Amostras foram coletadas no Rio Grande do Sul entre o final de novembro e a metade de janeiro
Um total de 87 amostras de SARS-CoV-2 foram submetidas ao sequenciamento genômico no Laboratório de Microbiologia Molecular (LMM) da Universidade Feevale, polo da Rede Corona-ômica.BR – MCTI. As amostras foram coletadas entre os dias 26 de novembro de 2021 e 17 de janeiro deste ano, a partir de pacientes provenientes de 11 cidades gaúchas: Novo Hamburgo (41), Campo Bom (15), Santa Cruz do Sul (11), Canoas (9), Garibaldi (5), Arroio do Meio, Estância Velha, Ivoti, São Sebastião do Caí, Sobradinho e Triunfo.

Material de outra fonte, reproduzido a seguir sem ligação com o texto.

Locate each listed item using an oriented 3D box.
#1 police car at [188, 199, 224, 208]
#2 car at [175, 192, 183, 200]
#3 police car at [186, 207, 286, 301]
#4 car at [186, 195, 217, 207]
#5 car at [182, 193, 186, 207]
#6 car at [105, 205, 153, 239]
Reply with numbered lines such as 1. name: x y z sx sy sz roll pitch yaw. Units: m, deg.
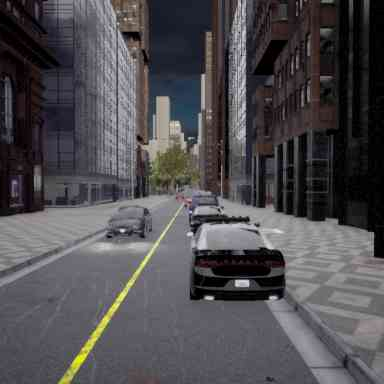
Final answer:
1. police car: 0.879 1.414 18.500 1.930 1.638 5.238 0 0 0
2. car: -3.095 1.074 84.275 2.150 2.045 5.566 0 0 0
3. police car: 0.891 1.421 8.499 1.930 1.638 5.238 0 0 0
4. car: 0.873 1.208 24.419 2.150 2.045 5.566 0 0 0
5. car: -0.006 1.302 48.728 2.097 1.767 4.553 0 0 0
6. car: -3.121 1.495 17.337 1.837 1.490 4.892 0 0 0
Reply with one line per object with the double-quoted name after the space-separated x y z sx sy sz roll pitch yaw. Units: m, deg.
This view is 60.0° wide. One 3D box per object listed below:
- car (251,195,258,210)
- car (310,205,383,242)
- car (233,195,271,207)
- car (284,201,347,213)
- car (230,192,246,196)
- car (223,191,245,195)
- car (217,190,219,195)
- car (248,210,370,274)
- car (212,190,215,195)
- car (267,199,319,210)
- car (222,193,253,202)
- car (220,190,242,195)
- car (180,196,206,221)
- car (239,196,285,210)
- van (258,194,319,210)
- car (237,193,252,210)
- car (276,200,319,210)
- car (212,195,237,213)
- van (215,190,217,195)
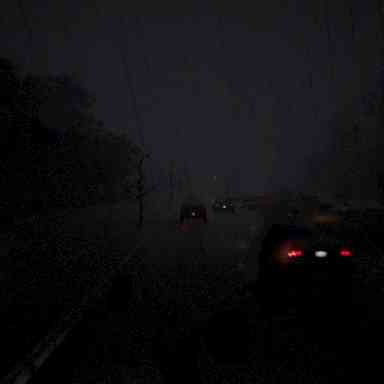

O virologista Fernando Spilki, pró-reitor de Pesquisa, Pós-graduação e Extensão da Universidade Feevale destaca que, dentre as amostras sequenciadas pelo laboratório da Instituição, a variante Delta representava 100% de frequência em novembro de 2021. Já em dezembro, as primeiras detecções da variante Ômicron foram realizadas, porém de maneira ainda pouco expressiva (10%), com predominância da variante Delta (90%). “Em janeiro o cenário se inverteu, tendo a Delta sido detectada em apenas 6% das amostras, enquanto a Ômicron dominou com 94%”, afirma.
Saiba mais
A variante Ômicron foi detectada no Brasil algumas semanas após sua primeira descrição na África do Sul, a partir de passageiros que chegaram em São Paulo no final de novembro do ano passado. As amostras analisadas pelo Laboratório de Microbiologia Molecular (LMM) da Universidade Feevale foram selecionadas para o sequenciamento de alto desempenho através da plataforma Illumina MiSeq. Todos os dados estão sendo disponibilizados em bases de dados públicos nacionais (Corona-Ômica.BR – MCTIC) e internacionais (Gisaid), com posterior submissão do trabalho ao periódico científico.